Many writers took pains to ensure that, after the siege, Verchères returned fully to her traditional feminine role and demeanor. In 1912, a journalist wrote that she "was a perfect woman, as good a housekeeper as a mother". The curate Frédéric-Alexandre Baillairgé wrote that though "strong, was nonetheless soft and sensitive". Some were more explicit, as Lionel Groulx who wrote that women "must sometimes fill in for men, but they must render them the arms for the battles that are more appropriate for them". While female writers also often emphasized her return to a traditional role supporting the men, others used her story to advance a feminist position of the role of women in Canadian history.

Comparisons have been drawn between Verchères and Joan of Arc—both unmarried teenagers who dressed as males—and to Jeanne Hachette, who led the defence of Beauvais. Parallels have also been seen with Verchères's contemporary Adam Dollard des Ormeaux, the hero of the Battle of Long Sault during the Beaver Wars.

Verchères's story was mostly forgotten following her death. It was revived after the discovery of her in the 1860s, and from the 1880s to the 1920s she achieved the status of a symbol of French-Canadian nationalism. In the wake of the Conscription Crisis of 1917, Marie-Victorin Kirouac wrote a play, Peuple sans histoire ("A people without history", 1918). In it an indignant young French-Canadian servant to Lord Durham, upon reading a report of Durham's following the Lower Canada Rebellion of 1837 in which he declares the French Canadians have no history, appends to it "Thou liest, Durham!" and signs it Madeleine de Verchères. The story he hears from her of Verchères convinces him to give credence to the French Canadians and compares the story to "a canto of the Iliad".

Later authors used her story for nationalistic ends. To rally support for the Imperial Order Daughters of the Empire, Arthur Doughty's account of 1916 makes parallels between the Germans in World War I and the Haudenosaunee who stood in the way of "the advance of European civilization".
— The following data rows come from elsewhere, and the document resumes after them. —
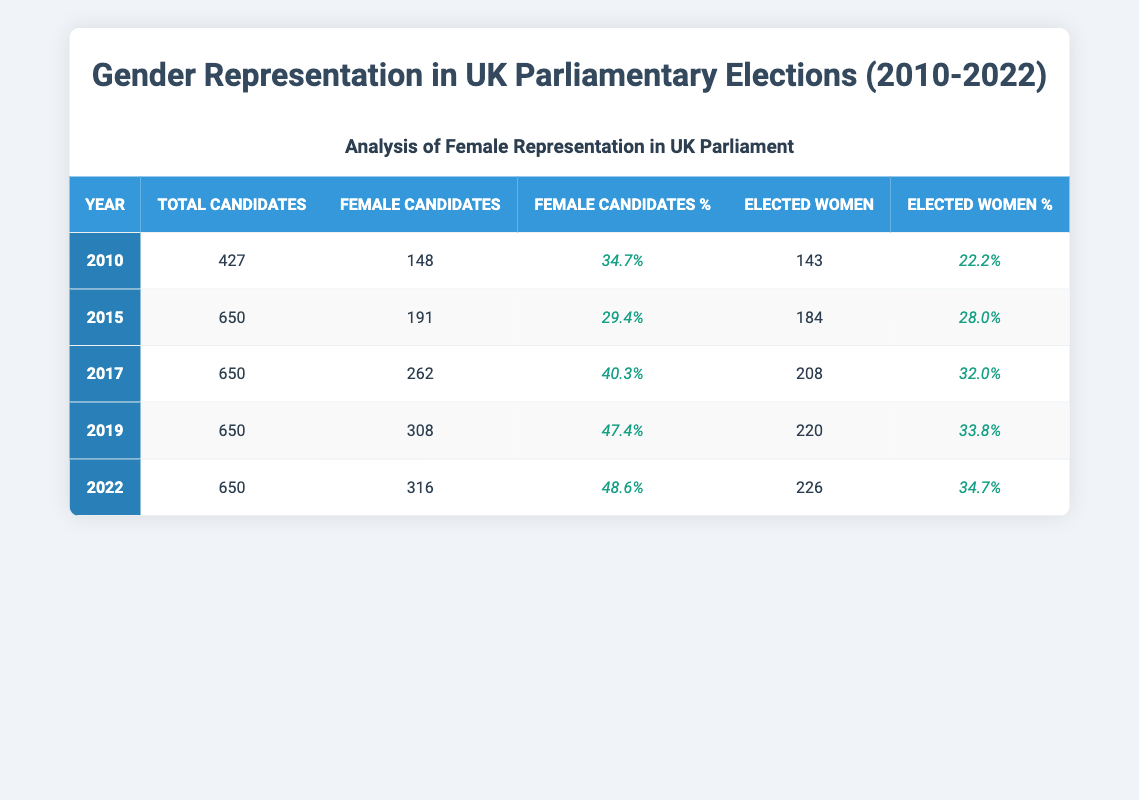What was the percentage of female candidates in the 2017 elections? The table shows that in 2017, the female candidate percentage was explicitly listed as 40.3%.
Answer: 40.3% How many total candidates were there in 2010? By directly referencing the table, the number of total candidates for the year 2010 is stated as 427.
Answer: 427 In which year did the UK see the highest number of female candidates? Comparing the female candidates across the years, 2019 has the highest number with 308 female candidates.
Answer: 2019 What is the difference in the number of elected women between 2010 and 2022? In 2010, 143 women were elected, and in 2022, 226 were elected. The difference is 226 - 143 = 83.
Answer: 83 True or False: The percentage of elected women was higher in 2015 than in 2022. Looking at the table, the elected women percentage in 2015 is 28.0% and in 2022 is 34.7%. Since 28.0% is less than 34.7%, the statement is false.
Answer: False What was the overall average percentage of female candidates from 2010 to 2022? To find the average, add the percentages of female candidates for each year: 34.7 + 29.4 + 40.3 + 47.4 + 48.6 = 200.4 and then divide by 5 (the number of years) to get 200.4 / 5 = 40.08%.
Answer: 40.08% How many female candidates were there in 2019, and what percentage does that represent of the total candidates that year? The table indicates that in 2019, there were 308 female candidates out of a total of 650 candidates. To find the percentage, calculate (308 / 650) * 100 = 47.4%.
Answer: 308 female candidates; 47.4% In which years did the percentage of female candidates exceed 40%? Reviewing the table, the years 2017 (40.3%), 2019 (47.4%), and 2022 (48.6%) all exceed 40%. Therefore, these three years are the correct answers.
Answer: 2017, 2019, 2022 
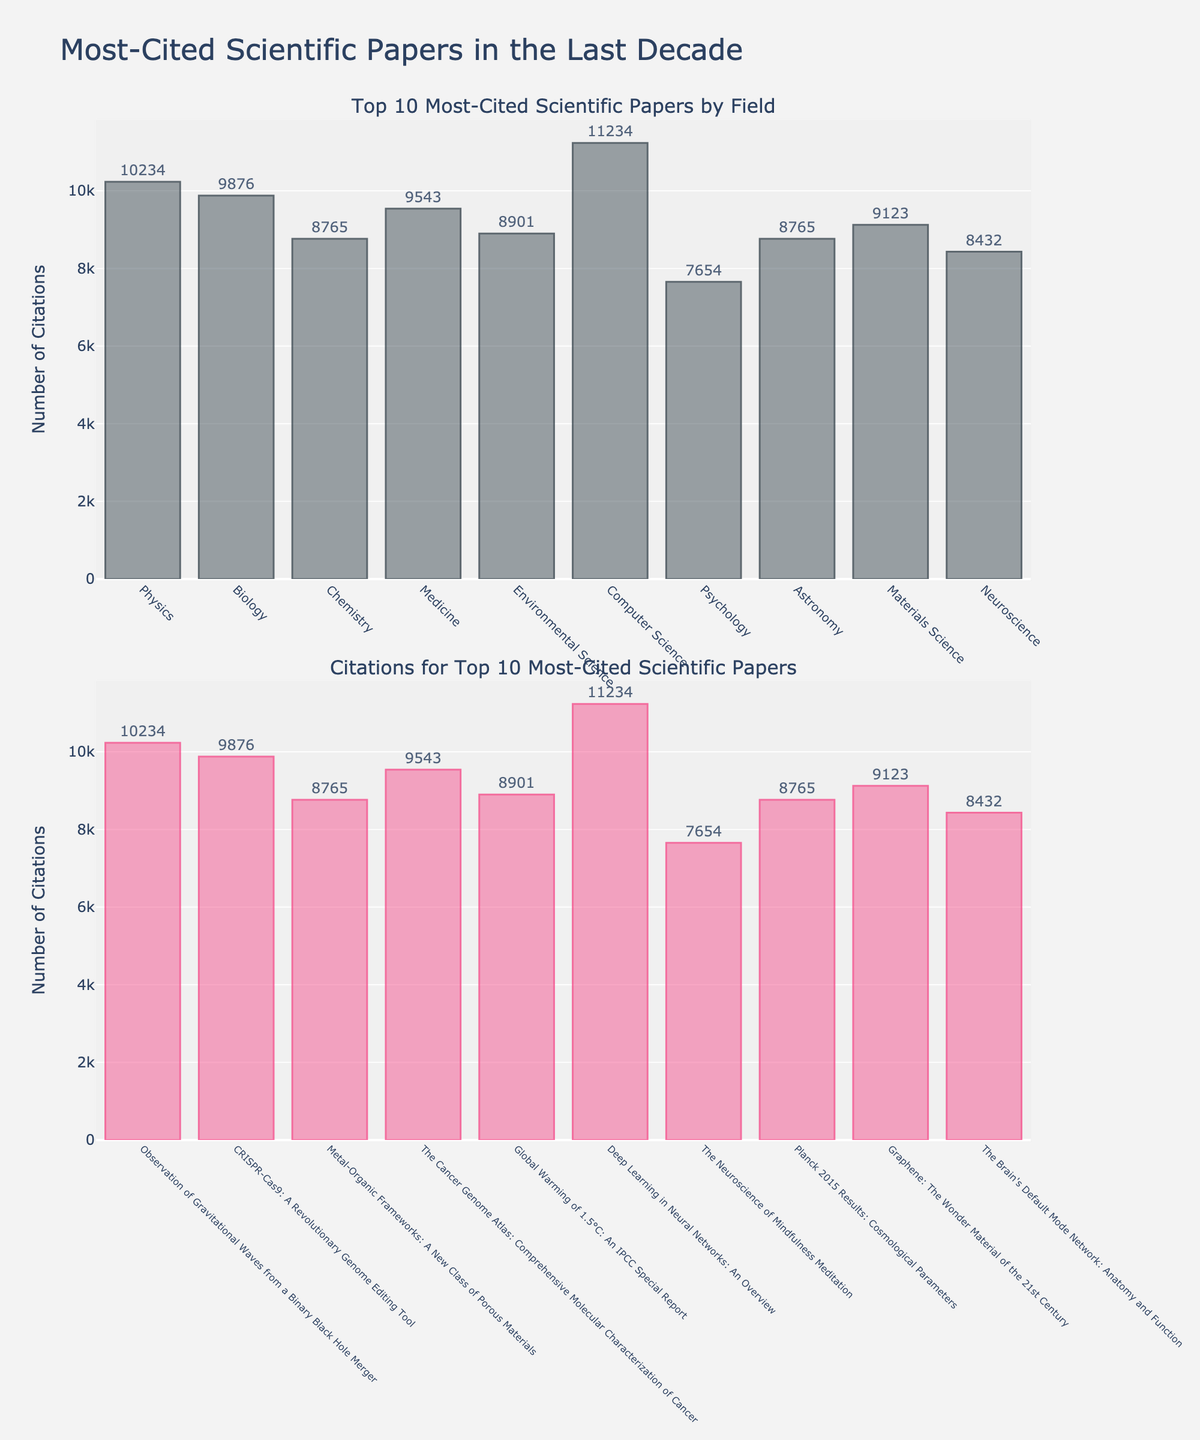What is the title of the figure? The title of the figure is usually located at the top and is meant to summarize what the visualization represents.
Answer: Revenue Breakdown by Room Type and Season Which room type generated the highest revenue in the Summer? Identify the bar chart corresponding to Summer, then find the room type with the tallest bar.
Answer: Executive Suite What is the revenue for Deluxe Room in Winter? Locate the Winter subplot, find the bar corresponding to Deluxe Room and read its height/value.
Answer: 18000 How much more revenue did the Suite generate in Spring compared to Winter? Find the values for Suite in both Spring and Winter and subtract the Winter value from the Spring value: 30000 - 25000.
Answer: 5000 Which season generated the least revenue for Standard Room? Compare the heights of the bars labeled Standard Room across all seasons and find the shortest one.
Answer: Winter What is the average revenue of all room types in Fall? Sum the revenues of all room types in Fall and divide by the number of room types (4): (18000 + 26000 + 35000 + 45000) / 4.
Answer: 31000 Does the revenue for Executive Suite in Spring exceed that of Suite in Summer? Compare the bar heights of Executive Suite in Spring and Suite in Summer to determine which is higher.
Answer: No Which room type showed the most consistent revenue across all seasons? Evaluate the heights of bars for each room type across seasons and identify the one with the least variation.
Answer: Standard Room What is the total revenue for Deluxe Room across all seasons? Sum the revenues for Deluxe Room in all seasons: 22000 + 35000 + 26000 + 18000.
Answer: 101000 How does the revenue for Standard Room in Fall compare to that in Spring? Compare the heights of the bars for Standard Room in Fall and Spring to see if Fall's revenue is higher or lower.
Answer: Higher in Fall 
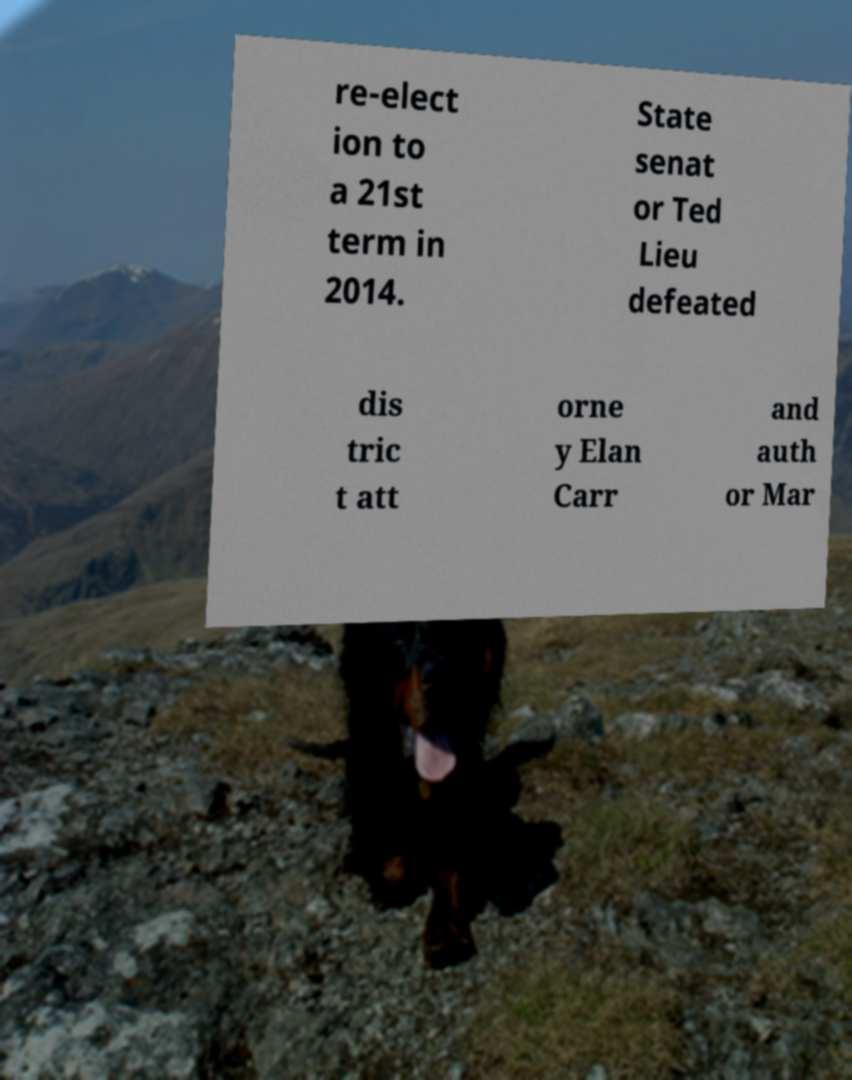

While heroes such as Dollard had had monuments erected to their memories, by the early 20th century that there was no such monument to Verchères came to public notice. Baillairgé raised funds for such a monument to commemorate the community and its heroine, and by July 1912 had raised $2000. Other efforts led to the federal government donating $25,000, and the wife of the mayor of Verchères unveiled the statue in a ceremony on 20 September 1913. Among the speeches delivered, the prime minister Wilfrid Laurier declared, "If the kingdom of France was delivered and regenerated by Joan of Arc, this colony, then French in its cradle, was illustrated by Madeleine de Verchères".

Stories of Verchères and Laura Secord in Upper Canada have served as nationalist stories for French and English Canadians. Both were heroines in early Canadian settlements defending themselves from enemy forces—though whereas the enemy was the Haudenosaunee to Verchères, in Secord's story they were allies who helped her escape the Americans to inform the British of a pending attack. The motivations of the Haudenosaunee are not made clear in contemporary documents.

==In modern culture==
A statue of Madeleine de Verchères stands on Verchères Point near Montreal. It was made by Louis-Philippe Hébert, who was commissioned for the project in 1911.

Madeleine de Verchères, a J.-Arthur Homier film released 10 December 1922, featured Estelle Bélanger as Madeleine. The Internet Movie Database reports this film as "lost."

The Canadian government designated her as a Person of National Historic Significance in 1923.

Madeleine Takes Command (1946) by Ethel C. Brill is a historical novel based upon the siege of Verchères.